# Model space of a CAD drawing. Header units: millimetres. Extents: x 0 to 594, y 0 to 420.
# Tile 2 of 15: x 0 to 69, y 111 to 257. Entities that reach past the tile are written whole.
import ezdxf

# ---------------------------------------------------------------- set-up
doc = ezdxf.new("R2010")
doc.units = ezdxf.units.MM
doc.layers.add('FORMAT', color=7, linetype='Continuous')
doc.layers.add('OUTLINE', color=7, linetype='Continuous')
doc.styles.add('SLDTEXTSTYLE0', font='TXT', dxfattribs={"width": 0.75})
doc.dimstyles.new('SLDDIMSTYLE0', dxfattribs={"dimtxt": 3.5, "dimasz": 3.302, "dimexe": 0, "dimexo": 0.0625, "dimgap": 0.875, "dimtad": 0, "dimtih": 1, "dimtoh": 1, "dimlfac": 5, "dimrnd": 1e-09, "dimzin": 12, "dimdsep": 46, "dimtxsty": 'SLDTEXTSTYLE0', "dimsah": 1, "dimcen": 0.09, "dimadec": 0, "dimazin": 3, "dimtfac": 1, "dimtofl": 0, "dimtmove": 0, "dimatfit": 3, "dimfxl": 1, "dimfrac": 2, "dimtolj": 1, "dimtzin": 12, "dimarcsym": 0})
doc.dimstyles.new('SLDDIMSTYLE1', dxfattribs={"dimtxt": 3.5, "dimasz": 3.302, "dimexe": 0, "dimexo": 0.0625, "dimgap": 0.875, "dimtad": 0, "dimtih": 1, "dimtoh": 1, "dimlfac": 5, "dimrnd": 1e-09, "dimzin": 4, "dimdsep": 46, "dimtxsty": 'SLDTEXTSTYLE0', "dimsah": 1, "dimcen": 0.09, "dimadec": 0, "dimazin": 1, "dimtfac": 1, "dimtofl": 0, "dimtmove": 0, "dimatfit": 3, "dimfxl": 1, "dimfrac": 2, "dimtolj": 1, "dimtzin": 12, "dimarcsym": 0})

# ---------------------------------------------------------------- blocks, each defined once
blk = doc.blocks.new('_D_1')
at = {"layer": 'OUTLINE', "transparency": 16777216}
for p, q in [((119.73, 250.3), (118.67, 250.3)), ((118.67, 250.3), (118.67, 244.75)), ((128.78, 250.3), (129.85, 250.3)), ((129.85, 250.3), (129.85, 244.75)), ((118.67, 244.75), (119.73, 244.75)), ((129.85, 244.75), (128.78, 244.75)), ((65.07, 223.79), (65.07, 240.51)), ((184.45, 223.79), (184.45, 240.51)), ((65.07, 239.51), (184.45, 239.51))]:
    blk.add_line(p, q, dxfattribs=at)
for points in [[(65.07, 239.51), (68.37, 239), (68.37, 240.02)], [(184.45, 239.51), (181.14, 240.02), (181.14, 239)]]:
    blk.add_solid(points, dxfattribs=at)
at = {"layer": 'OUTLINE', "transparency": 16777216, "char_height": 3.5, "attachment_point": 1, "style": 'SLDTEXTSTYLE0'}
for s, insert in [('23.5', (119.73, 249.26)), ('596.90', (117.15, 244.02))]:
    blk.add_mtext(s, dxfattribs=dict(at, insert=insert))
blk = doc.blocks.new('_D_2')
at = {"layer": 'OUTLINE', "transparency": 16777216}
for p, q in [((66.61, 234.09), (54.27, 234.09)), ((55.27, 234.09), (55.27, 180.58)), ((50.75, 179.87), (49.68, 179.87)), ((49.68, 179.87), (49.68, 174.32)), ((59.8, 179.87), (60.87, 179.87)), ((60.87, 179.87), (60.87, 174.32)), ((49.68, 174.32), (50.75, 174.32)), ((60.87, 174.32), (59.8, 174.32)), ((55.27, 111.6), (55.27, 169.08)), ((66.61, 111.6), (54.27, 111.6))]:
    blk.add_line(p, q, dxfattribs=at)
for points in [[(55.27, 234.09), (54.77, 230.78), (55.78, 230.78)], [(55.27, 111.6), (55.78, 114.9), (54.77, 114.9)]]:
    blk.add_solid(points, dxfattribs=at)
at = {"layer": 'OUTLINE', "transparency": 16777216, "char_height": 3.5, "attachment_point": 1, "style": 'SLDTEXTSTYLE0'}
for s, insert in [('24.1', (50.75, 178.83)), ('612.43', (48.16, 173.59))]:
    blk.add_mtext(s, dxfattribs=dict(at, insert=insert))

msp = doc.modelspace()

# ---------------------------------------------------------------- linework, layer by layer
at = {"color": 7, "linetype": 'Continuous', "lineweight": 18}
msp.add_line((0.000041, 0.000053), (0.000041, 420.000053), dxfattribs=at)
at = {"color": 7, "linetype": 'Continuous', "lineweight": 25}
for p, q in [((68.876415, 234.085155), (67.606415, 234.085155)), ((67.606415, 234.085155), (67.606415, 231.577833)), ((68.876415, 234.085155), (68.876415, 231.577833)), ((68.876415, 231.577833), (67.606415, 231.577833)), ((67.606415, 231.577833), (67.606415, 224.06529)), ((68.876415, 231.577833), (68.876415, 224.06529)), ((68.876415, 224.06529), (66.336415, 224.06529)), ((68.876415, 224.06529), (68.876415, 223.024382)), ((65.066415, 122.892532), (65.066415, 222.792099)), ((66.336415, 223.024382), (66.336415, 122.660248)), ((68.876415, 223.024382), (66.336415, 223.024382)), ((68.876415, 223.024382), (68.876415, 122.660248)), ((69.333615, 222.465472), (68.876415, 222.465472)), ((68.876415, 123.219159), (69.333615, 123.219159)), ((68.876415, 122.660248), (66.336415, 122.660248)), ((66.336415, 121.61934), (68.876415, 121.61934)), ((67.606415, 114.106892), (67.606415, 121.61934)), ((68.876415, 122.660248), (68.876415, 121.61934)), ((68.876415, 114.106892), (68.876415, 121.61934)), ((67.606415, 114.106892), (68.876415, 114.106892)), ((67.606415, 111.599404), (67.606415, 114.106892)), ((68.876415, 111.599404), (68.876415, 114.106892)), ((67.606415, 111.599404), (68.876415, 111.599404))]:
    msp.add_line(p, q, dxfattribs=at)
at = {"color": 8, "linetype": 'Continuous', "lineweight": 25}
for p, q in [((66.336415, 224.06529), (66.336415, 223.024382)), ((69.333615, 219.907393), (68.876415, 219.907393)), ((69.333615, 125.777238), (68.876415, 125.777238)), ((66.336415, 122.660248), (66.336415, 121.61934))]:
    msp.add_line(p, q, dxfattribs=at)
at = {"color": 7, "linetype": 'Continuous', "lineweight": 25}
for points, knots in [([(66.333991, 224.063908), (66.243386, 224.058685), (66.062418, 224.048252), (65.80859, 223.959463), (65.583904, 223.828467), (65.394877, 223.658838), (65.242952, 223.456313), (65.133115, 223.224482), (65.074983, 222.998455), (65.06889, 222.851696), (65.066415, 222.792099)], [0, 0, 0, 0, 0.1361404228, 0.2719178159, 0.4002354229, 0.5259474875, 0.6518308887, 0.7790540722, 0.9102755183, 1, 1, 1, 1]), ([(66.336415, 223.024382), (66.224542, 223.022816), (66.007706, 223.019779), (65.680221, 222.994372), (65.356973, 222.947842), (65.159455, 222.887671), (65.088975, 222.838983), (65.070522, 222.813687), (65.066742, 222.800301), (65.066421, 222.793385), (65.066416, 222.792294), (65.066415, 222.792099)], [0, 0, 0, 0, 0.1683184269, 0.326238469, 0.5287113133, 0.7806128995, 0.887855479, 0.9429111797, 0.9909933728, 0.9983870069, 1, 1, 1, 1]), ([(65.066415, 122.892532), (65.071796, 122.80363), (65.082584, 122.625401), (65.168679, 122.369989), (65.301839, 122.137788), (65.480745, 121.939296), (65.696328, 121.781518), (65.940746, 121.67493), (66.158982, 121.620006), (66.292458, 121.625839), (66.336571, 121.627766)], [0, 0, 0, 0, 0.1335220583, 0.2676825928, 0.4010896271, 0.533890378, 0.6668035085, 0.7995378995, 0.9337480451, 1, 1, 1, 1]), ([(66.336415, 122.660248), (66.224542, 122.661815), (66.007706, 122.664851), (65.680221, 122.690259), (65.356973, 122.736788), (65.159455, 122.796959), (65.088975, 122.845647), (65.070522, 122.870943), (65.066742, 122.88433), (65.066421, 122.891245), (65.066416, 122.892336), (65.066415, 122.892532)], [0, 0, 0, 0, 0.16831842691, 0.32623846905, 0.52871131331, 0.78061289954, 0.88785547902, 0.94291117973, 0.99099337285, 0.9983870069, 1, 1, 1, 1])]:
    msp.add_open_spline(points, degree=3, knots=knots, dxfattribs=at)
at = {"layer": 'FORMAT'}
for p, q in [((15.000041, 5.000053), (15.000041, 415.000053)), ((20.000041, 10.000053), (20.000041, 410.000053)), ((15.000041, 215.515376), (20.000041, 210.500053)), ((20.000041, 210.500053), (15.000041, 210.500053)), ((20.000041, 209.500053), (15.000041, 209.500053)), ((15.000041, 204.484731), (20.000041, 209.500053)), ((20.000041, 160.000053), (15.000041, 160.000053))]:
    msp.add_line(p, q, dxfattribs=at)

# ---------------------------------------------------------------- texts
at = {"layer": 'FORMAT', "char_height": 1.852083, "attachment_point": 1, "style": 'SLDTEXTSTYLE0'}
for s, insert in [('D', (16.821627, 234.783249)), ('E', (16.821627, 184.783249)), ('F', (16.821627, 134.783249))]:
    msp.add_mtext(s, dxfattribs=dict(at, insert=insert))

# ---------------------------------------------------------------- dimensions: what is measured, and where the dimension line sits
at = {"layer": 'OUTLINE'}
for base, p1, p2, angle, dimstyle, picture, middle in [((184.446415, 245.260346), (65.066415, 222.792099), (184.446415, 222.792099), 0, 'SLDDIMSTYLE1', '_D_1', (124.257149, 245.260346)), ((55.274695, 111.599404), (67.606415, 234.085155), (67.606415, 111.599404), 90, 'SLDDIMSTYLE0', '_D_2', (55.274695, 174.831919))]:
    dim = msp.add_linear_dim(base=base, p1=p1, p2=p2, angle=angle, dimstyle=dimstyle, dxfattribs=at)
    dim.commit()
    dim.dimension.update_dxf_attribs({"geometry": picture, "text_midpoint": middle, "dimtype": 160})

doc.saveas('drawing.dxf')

☆ ☆ ☆ ☆ ☆

- **Activity**
Only the final stretch of the entries above is needed: print exactly the lines from the line containing "dim.commit()" through the last one.

- **Solution to the exercise**
    dim.commit()
    dim.dimension.update_dxf_attribs({"geometry": picture, "text_midpoint": middle, "dimtype": 160})

doc.saveas('drawing.dxf')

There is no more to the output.